Wealth managers may be forced to accept greater client involvement in portfolios in the wake of the financial crisis, which has left high net worth investors disillusioned.

A report from management consultancy MDRC, which surveyed 4700 high net worth clients, some 800 of whom have portfolios of more than £5 million, found that the majority believe their wealth managers have fallen short during the market crisis.

Despite attempts from wealth managers to focus on client communication during the downturn, the majority also said that communications have been insufficient.

The report concluded that high net worth investors
are going to be seeking more control over their portfolios in the coming years, a move that will put pressure on those discretionary firms that do not accept advisory business from the wealthy and do not diversify into financial planning.

Richard Williams, the managing director of MDRC, said the extent of the change in attitudes to personal involvement in portfolios over the past year is so great that MDRC has changed the way it segments the high net worth market, creating a new group to market to called ‘The Disillusioned’. He said: ‘Our research points to a decrease in the traditional type of wealthy individual who is content to have his financial assets managed at arm’s length.

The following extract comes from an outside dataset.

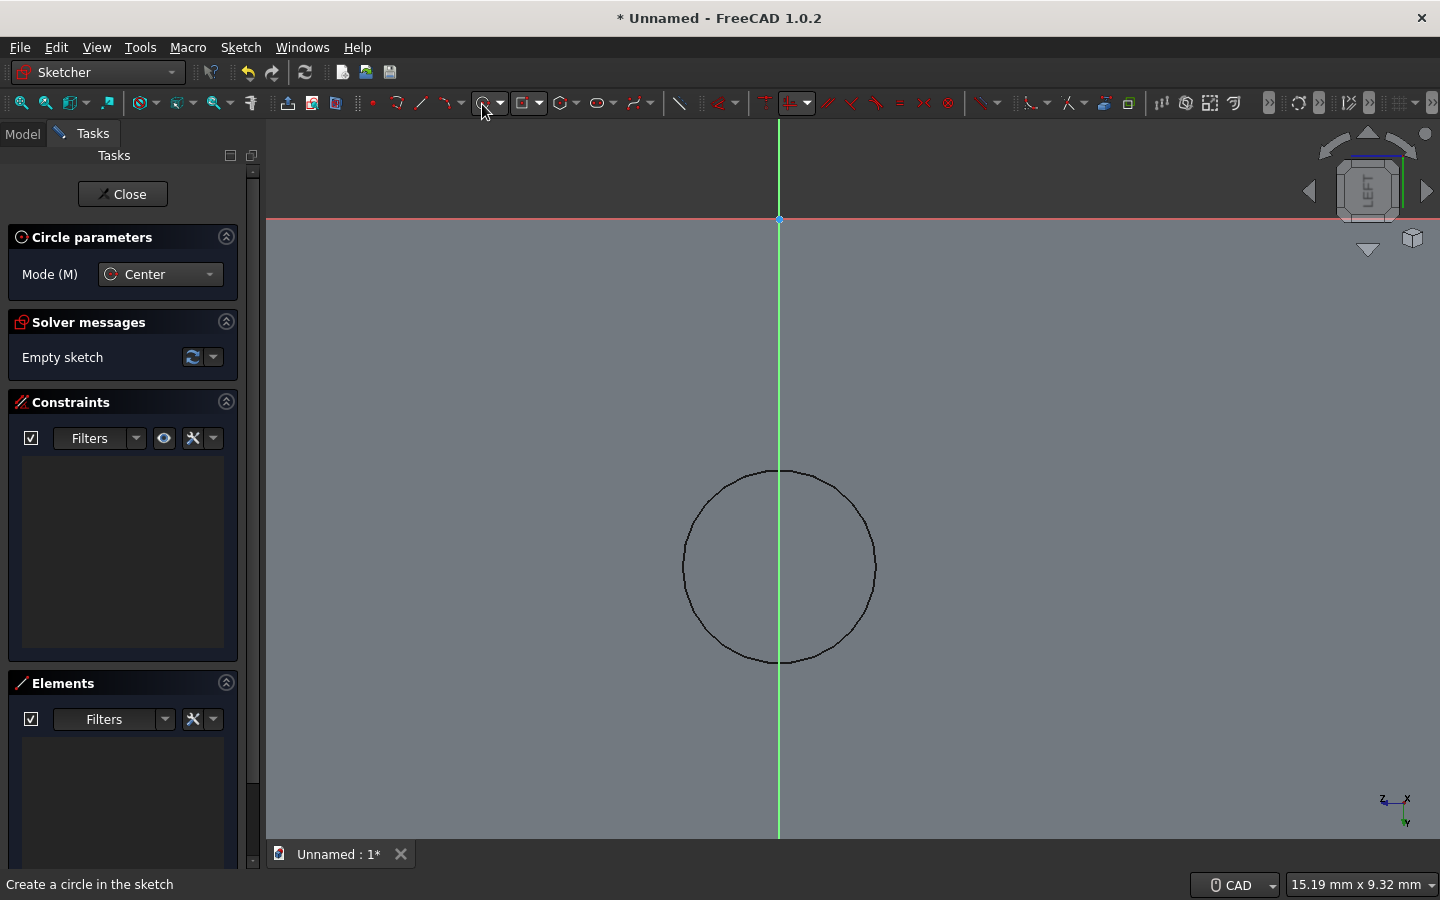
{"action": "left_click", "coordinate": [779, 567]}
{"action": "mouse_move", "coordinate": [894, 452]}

In 2009, the majority of high net worth clients want to have a degree of control. As a consequence, maintaining client profitability and re-building assets bases will be challenges. Too many wealth management businesses are pursuing business models that were developed a decade ago.’

MDRC said the trend will cause firms with a more diverse range of services, particularly an advisory arm, to gain market share as they
can allow for ongoing client input.

The trend looks set to put discretionary models under pressure. Hannah Edwards, head of new clients at Killik & Co, said she has noticed a preference for advisory services among high net worth clients as a key trend in the past 18 months that is likely to continue.

Edwards said: ‘On the new client side in the past 15-16 months there has been a shift towards advisory. People want time to understand what is happening underneath the bonnet of their investment portfolio.

‘A few years ago, people were much happier to opt for a discretionary service. Now they want to cut their teeth with an advisory relationship first.’

The report concluded the high net worth market as a whole will experience no growth in the next two years and will probably shrink in 2009. It found that since 1996, more than 60% of the growth in the number of high net worth individuals has been driven by the two sectors now devastated by the crisis: property development and sophisticated financial services.